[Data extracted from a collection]
================
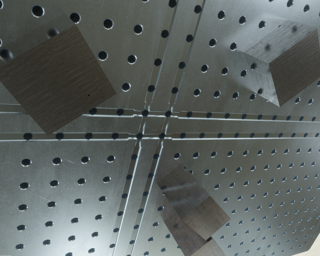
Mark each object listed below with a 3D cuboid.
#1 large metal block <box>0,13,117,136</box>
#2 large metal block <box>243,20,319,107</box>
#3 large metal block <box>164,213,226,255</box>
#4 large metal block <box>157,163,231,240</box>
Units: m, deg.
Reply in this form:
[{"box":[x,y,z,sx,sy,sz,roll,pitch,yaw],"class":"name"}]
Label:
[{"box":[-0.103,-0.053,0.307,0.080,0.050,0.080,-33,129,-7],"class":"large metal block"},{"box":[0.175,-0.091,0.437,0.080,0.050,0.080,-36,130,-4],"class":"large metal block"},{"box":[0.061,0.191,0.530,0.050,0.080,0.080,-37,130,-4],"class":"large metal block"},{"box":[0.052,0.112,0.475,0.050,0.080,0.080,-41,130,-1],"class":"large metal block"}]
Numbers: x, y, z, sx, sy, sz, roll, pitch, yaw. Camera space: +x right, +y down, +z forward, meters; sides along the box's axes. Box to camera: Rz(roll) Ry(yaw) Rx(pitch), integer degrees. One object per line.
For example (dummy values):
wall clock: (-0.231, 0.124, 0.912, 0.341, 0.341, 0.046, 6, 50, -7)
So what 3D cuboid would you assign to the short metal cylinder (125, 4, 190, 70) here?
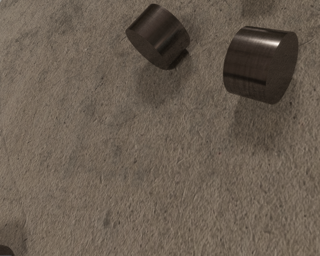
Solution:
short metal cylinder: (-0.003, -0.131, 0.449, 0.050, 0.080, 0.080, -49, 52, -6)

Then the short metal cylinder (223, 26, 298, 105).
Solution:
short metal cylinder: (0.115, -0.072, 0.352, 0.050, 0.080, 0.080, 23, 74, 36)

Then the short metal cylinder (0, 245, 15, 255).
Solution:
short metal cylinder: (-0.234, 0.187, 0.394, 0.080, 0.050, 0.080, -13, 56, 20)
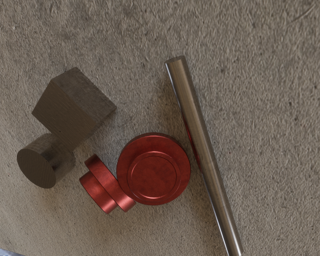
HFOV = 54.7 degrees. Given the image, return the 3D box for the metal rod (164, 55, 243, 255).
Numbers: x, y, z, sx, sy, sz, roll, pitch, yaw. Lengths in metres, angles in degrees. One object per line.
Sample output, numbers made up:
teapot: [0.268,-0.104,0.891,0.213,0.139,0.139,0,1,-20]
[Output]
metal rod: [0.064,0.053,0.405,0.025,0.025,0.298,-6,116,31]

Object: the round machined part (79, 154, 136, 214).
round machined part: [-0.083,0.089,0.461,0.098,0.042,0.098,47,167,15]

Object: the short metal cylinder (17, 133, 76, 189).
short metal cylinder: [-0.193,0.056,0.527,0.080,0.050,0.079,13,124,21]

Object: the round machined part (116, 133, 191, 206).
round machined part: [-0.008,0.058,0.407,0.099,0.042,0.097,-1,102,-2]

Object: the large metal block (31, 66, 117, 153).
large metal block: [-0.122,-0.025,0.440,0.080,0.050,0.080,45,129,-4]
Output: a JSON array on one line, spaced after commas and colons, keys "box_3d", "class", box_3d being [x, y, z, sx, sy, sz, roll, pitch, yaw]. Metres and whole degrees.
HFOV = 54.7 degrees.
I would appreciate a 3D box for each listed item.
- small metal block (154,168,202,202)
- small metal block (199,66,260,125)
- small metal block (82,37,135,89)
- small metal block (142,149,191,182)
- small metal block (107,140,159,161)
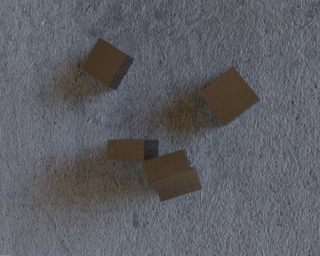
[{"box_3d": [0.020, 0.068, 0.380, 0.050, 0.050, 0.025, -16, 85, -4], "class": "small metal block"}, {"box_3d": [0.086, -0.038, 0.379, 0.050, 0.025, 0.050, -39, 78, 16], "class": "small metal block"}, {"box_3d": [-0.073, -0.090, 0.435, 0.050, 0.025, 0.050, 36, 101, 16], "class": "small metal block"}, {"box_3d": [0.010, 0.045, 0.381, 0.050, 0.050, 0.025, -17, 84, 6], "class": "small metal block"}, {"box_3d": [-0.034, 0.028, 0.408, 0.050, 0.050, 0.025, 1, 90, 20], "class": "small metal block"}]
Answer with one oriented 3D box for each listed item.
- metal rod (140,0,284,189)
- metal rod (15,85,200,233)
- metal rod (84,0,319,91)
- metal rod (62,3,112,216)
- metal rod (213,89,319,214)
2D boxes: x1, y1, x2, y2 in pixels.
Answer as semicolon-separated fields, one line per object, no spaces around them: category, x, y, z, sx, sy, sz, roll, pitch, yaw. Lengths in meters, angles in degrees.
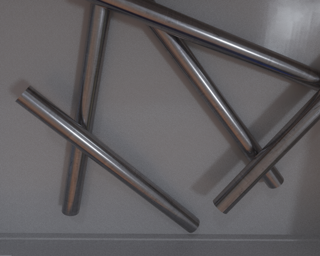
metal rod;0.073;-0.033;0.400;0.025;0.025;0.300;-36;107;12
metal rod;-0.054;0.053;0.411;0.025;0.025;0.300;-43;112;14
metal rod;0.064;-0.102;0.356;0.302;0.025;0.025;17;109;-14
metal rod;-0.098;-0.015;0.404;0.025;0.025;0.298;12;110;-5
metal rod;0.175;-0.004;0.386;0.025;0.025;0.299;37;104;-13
================
(EXERCISE OBJECTIVE): Transcribe every line in the entries above, taking out only the images.

(RESULT):
Mark each object listed below with a 3D cuboid.
#1 large metal block <box>0,13,117,136</box>
#2 large metal block <box>243,20,319,107</box>
#3 large metal block <box>164,213,226,255</box>
#4 large metal block <box>157,163,231,240</box>
Units: m, deg.
Reply in this form:
[{"box":[x,y,z,sx,sy,sz,roll,pitch,yaw],"class":"name"}]
Label:
[{"box":[-0.103,-0.053,0.307,0.080,0.050,0.080,-33,129,-7],"class":"large metal block"},{"box":[0.175,-0.091,0.437,0.080,0.050,0.080,-36,130,-4],"class":"large metal block"},{"box":[0.061,0.191,0.530,0.050,0.080,0.080,-37,130,-4],"class":"large metal block"},{"box":[0.052,0.112,0.475,0.050,0.080,0.080,-41,130,-1],"class":"large metal block"}]
Numbers: x, y, z, sx, sy, sz, roll, pitch, yaw. Camera space: +x right, +y down, +z forward, meters; sides along the box's axes. Box to camera: Rz(roll) Ry(yaw) Rx(pitch), integer degrees. One object per line.
For example (dummy values):
wall clock: (-0.231, 0.124, 0.912, 0.341, 0.341, 0.046, 6, 50, -7)
So what 3D cuboid would you assign to the short metal cylinder (125, 4, 190, 70) here?
Solution:
short metal cylinder: (-0.003, -0.131, 0.449, 0.050, 0.080, 0.080, -49, 52, -6)

Then the short metal cylinder (223, 26, 298, 105).
Solution:
short metal cylinder: (0.115, -0.072, 0.352, 0.050, 0.080, 0.080, 23, 74, 36)

Then the short metal cylinder (0, 245, 15, 255).
Solution:
short metal cylinder: (-0.234, 0.187, 0.394, 0.080, 0.050, 0.080, -13, 56, 20)
HFOV = 54.7 degrees. Given the image, return the 3D box for the metal rod (164, 55, 243, 255).
Numbers: x, y, z, sx, sy, sz, roll, pitch, yaw. Lengths in metres, angles in degrees. One object per line.
Sample output, numbers made up:
teapot: [0.268,-0.104,0.891,0.213,0.139,0.139,0,1,-20]
[Output]
metal rod: [0.064,0.053,0.405,0.025,0.025,0.298,-6,116,31]

Object: the round machined part (79, 154, 136, 214).
round machined part: [-0.083,0.089,0.461,0.098,0.042,0.098,47,167,15]

Object: the short metal cylinder (17, 133, 76, 189).
short metal cylinder: [-0.193,0.056,0.527,0.080,0.050,0.079,13,124,21]

Object: the round machined part (116, 133, 191, 206).
round machined part: [-0.008,0.058,0.407,0.099,0.042,0.097,-1,102,-2]

Object: the large metal block (31, 66, 117, 153).
large metal block: [-0.122,-0.025,0.440,0.080,0.050,0.080,45,129,-4]
Output: a JSON array on one line, spaced after commas and colons, keys "box_3d", "class", box_3d being [x, y, z, sx, sy, sz, roll, pitch, yaw]. Metres and whole degrees.
HFOV = 54.7 degrees.
I would appreciate a 3D box for each listed item.
- small metal block (154,168,202,202)
- small metal block (199,66,260,125)
- small metal block (82,37,135,89)
- small metal block (142,149,191,182)
- small metal block (107,140,159,161)
[{"box_3d": [0.020, 0.068, 0.380, 0.050, 0.050, 0.025, -16, 85, -4], "class": "small metal block"}, {"box_3d": [0.086, -0.038, 0.379, 0.050, 0.025, 0.050, -39, 78, 16], "class": "small metal block"}, {"box_3d": [-0.073, -0.090, 0.435, 0.050, 0.025, 0.050, 36, 101, 16], "class": "small metal block"}, {"box_3d": [0.010, 0.045, 0.381, 0.050, 0.050, 0.025, -17, 84, 6], "class": "small metal block"}, {"box_3d": [-0.034, 0.028, 0.408, 0.050, 0.050, 0.025, 1, 90, 20], "class": "small metal block"}]
Answer with one oriented 3D box for each listed item.
- metal rod (140,0,284,189)
- metal rod (15,85,200,233)
- metal rod (84,0,319,91)
- metal rod (62,3,112,216)
- metal rod (213,89,319,214)
2D boxes: x1, y1, x2, y2 in pixels.
Answer as semicolon-separated fields, one line per object, no spaces around them: category, x, y, z, sx, sy, sz, roll, pitch, yaw. Lengths in meters, angles in degrees.
metal rod;0.073;-0.033;0.400;0.025;0.025;0.300;-36;107;12
metal rod;-0.054;0.053;0.411;0.025;0.025;0.300;-43;112;14
metal rod;0.064;-0.102;0.356;0.302;0.025;0.025;17;109;-14
metal rod;-0.098;-0.015;0.404;0.025;0.025;0.298;12;110;-5
metal rod;0.175;-0.004;0.386;0.025;0.025;0.299;37;104;-13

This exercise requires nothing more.